# POC Fornix vs. Giro Combyn



## mhphoto (Apr 20, 2010)

forumyb said:


> Hey guys, recently I've been looking into getting a new helmet. Looks like the tech has been really progressing over the years.
> 
> I do a lot of freestyle riding and I'm looking for something really protective, light weight, durable and comfortable.
> 
> ...


If you can afford the POC helmet, buy one now. Way more protection then a GIRO.


----------



## cav0011 (Jan 4, 2009)

I have a combyn, it is low profile comfy (at least on my head) vents well and is multi impact. The cons are um if you believe the multi impact is as good as a single impact or not.


----------



## ju87 (Mar 9, 2011)

have you tried them on ?

i found that Giro fits my head shape perfectly but unfortunately POC does not fit me at all


----------



## MenzelMorten (Sep 11, 2013)

Actually I JUST got my POC Fornix in the mail and I must say the fit is perfect! It's really lightweight and the look is cool I think in a very discrete way. The best helmet I have had so far!


----------



## mhphoto (Apr 20, 2010)

MenzelMorten said:


> Actually I JUST got my POC Fornix in the mail and I must say the fit is perfect! It's really lightweight and the look is cool I think in a very discrete way. The best helmet I have had so far!


Smart move! The Fornix features MIPS technology which as you probably know features an eggshell like material inside the helmet that mimics the fluid within your brain during a fall. The Fornix and Receptor both features this technology. Eventually most helmet brands will go this way. 

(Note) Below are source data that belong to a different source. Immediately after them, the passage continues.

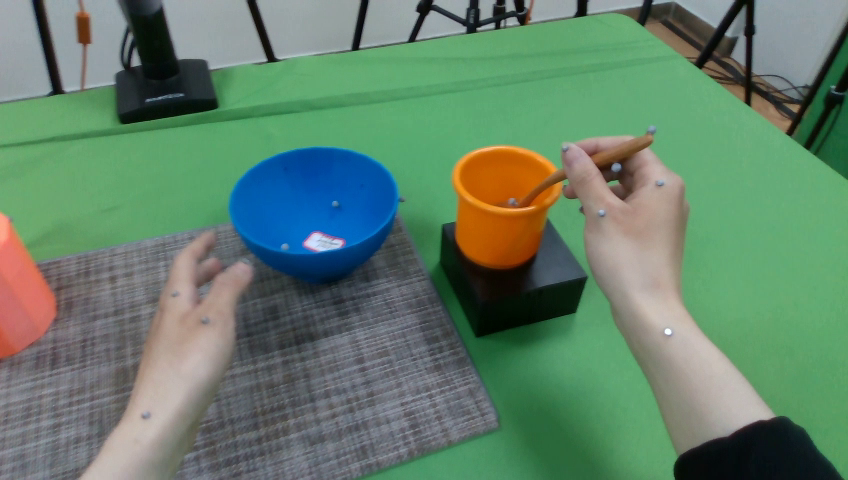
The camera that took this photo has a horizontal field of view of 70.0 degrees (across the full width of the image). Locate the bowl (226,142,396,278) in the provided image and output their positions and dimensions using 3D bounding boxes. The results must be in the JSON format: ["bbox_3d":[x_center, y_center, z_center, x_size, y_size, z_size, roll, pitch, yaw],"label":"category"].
[{"bbox_3d":[-0.101,-0.017,0.568,0.151,0.077,0.150,2,45,-1],"label":"bowl"}]

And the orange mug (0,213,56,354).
[{"bbox_3d":[-0.374,0.021,0.502,0.083,0.101,0.125,-19,53,-20],"label":"orange mug"}]

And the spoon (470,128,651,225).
[{"bbox_3d":[0.096,-0.047,0.473,0.022,0.193,0.041,41,60,-12],"label":"spoon"}]
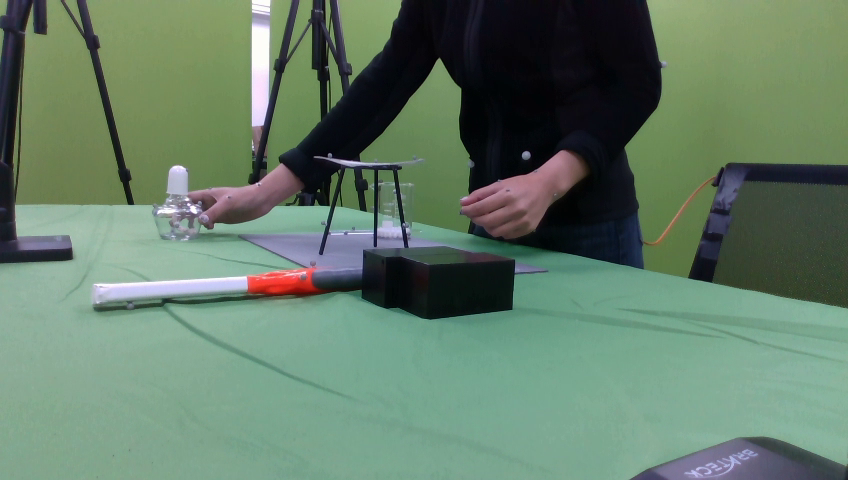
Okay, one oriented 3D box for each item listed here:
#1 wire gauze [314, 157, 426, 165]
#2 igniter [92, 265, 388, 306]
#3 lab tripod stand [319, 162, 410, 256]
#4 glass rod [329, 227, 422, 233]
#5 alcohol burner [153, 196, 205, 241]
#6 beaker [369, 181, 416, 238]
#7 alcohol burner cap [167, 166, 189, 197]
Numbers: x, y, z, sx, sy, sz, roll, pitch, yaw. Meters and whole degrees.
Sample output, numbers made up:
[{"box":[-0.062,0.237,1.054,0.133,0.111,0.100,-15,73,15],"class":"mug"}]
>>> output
[{"box":[-0.080,-0.113,0.868,0.122,0.011,0.124,-4,10,-36],"class":"wire gauze"},{"box":[-0.164,0.042,0.589,0.278,0.025,0.057,-2,-6,-31],"class":"igniter"},{"box":[-0.081,-0.047,0.879,0.148,0.131,0.148,2,9,0],"class":"lab tripod stand"},{"box":[-0.087,-0.019,1.148,0.201,0.008,0.008,-3,8,-32],"class":"glass rod"},{"box":[-0.394,-0.059,0.973,0.078,0.119,0.078,0,8,0],"class":"alcohol burner"},{"box":[-0.058,-0.056,1.089,0.084,0.100,0.074,2,7,0],"class":"beaker"},{"box":[-0.393,-0.095,0.969,0.034,0.048,0.034,7,8,-1],"class":"alcohol burner cap"}]
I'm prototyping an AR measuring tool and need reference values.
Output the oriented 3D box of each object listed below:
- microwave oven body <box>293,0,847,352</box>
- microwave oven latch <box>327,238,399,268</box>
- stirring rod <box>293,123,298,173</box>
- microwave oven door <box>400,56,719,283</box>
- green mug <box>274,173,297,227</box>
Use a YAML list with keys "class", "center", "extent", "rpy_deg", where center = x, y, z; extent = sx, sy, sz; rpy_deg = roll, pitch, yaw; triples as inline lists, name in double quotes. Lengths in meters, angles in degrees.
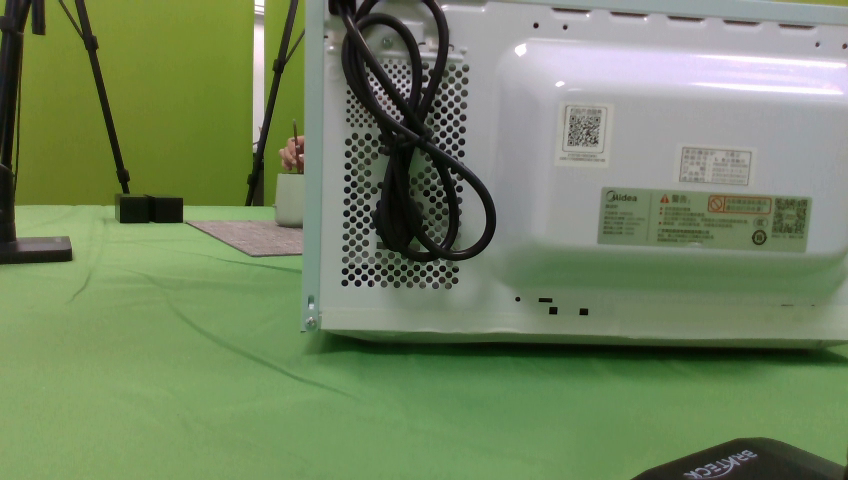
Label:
- class: "microwave oven body"
  center: [0.122, -0.055, 0.550]
  extent: [0.442, 0.260, 0.325]
  rpy_deg: [3, 7, -5]
- class: "microwave oven latch"
  center: [-0.069, 0.015, 0.694]
  extent: [0.079, 0.029, 0.030]
  rpy_deg: [3, 7, -3]
- class: "stirring rod"
  center: [-0.248, -0.141, 1.187]
  extent: [0.006, 0.176, 0.014]
  rpy_deg: [-4, 6, -6]
- class: "microwave oven door"
  center: [0.155, -0.078, 0.697]
  extent: [0.356, 0.243, 0.039]
  rpy_deg: [2, 8, -5]
- class: "green mug"
  center: [-0.242, -0.081, 1.221]
  extent: [0.092, 0.105, 0.126]
  rpy_deg: [8, 9, 40]
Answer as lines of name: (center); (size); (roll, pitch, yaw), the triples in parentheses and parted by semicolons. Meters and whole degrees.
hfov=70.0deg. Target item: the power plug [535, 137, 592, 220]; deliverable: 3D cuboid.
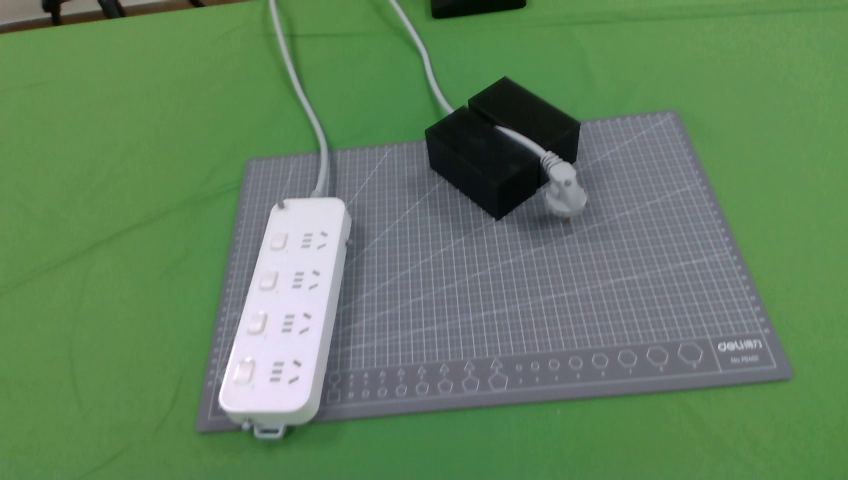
power plug: (0.124, -0.054, 0.540); (0.035, 0.053, 0.072); (-10, 55, -4)

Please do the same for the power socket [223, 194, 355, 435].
power socket: (-0.108, 0.048, 0.512); (0.072, 0.033, 0.224); (0, 53, 7)

For a list of brands with MIPS, check out: MIPS | Safest helmets in the market

Not all helmets are create equal.


----------



## MenzelMorten (Sep 11, 2013)

mhphoto said:


> Smart move! The Fornix features MIPS technology which as you probably know features an eggshell like material inside the helmet that mimics the fluid within your brain during a fall. The Fornix and Receptor both features this technology. Eventually most helmet brands will go this way.
> 
> For a list of brands with MIPS, check out: MIPS | Safest helmets in the market
> 
> Not all helmets are create equal.


I've read a couple of threads about this helmet and the technology behind. What first of made me think twice before I went buying it was that some dudes said they didn't have removable ear pads but it has! I'm really happy about it and can't wait to try it out on the slopes real soon! But thanks for your headsup mate!


----------



## forumyb (Oct 20, 2010)

thanks for all the replies, I haven't had the chance to try either of these helmets on in person, I have tried the Giro Surface s helmet. The fit wasn't bad. 

I don't know where to find POC helmets in my city, anyone know where I can try POC or the Giro Combyn in Toronto?

I really like the idea of a low impact helmet rather than the traditional helmets that are built for 1 significant impact. Does the POC provide this type of feature with the WIPS and other tech? 

Also, I don't hit huge jumps or a lot of big features in general. My style can be described as aggressive freestyle with some light park riding.


----------



## forumyb (Oct 20, 2010)

Anyone know if these helmets are compatible with the Electric EG2s?


----------



## SnowDragon (Apr 23, 2012)

forumyb said:


> I don't know where to find POC helmets in my city, anyone know where I can try POC or the Giro Combyn in Toronto?.


I tried the POC Fornix at Sign of the Skier.
Tried the Giro Combyn at Skiis & Biikes.

Bought the Fornix.
Liked the MIPS, the fit, and the look.

Didn't like the Combyn at all, and the last two years I wore a Giro Seam which I did like, FYI.


----------



## forumyb (Oct 20, 2010)

GreyDragon said:


> I tried the POC Fornix at Sign of the Skier.
> Tried the Giro Combyn at Skiis & Biikes.
> 
> Bought the Fornix.
> ...


Thanks dude, im going to go out and try them on.. waiting for my EG2's to come in so I can bring them with me. The MIPS system looks like a great safety feature, but its only avail. on the backcountry version which is around $200 plus shipping and tax online.

Do you remember the in store prices?

Anyone know if the POC ear pads are headphone friendly? I'm looking into adding speakers to either of these helmets, I know the Giro is compatible.


----------



## SnowDragon (Apr 23, 2012)

forumyb said:


> Do you remember the in store prices?
> 
> Anyone know if the POC ear pads are headphone friendly? I'm looking into adding speakers to either of these helmets, I know the Giro is compatible.


Fornix is $229.
Can't remember for certain the price of the Combyn, but I think it was around $160.

I just checked my Fornix. No go on speaker ear pads. Gotta go with in ear buds I guess.

Yes, take your goggles with you. I took my Arnette Skylights and they worked well with the Fornix.


----------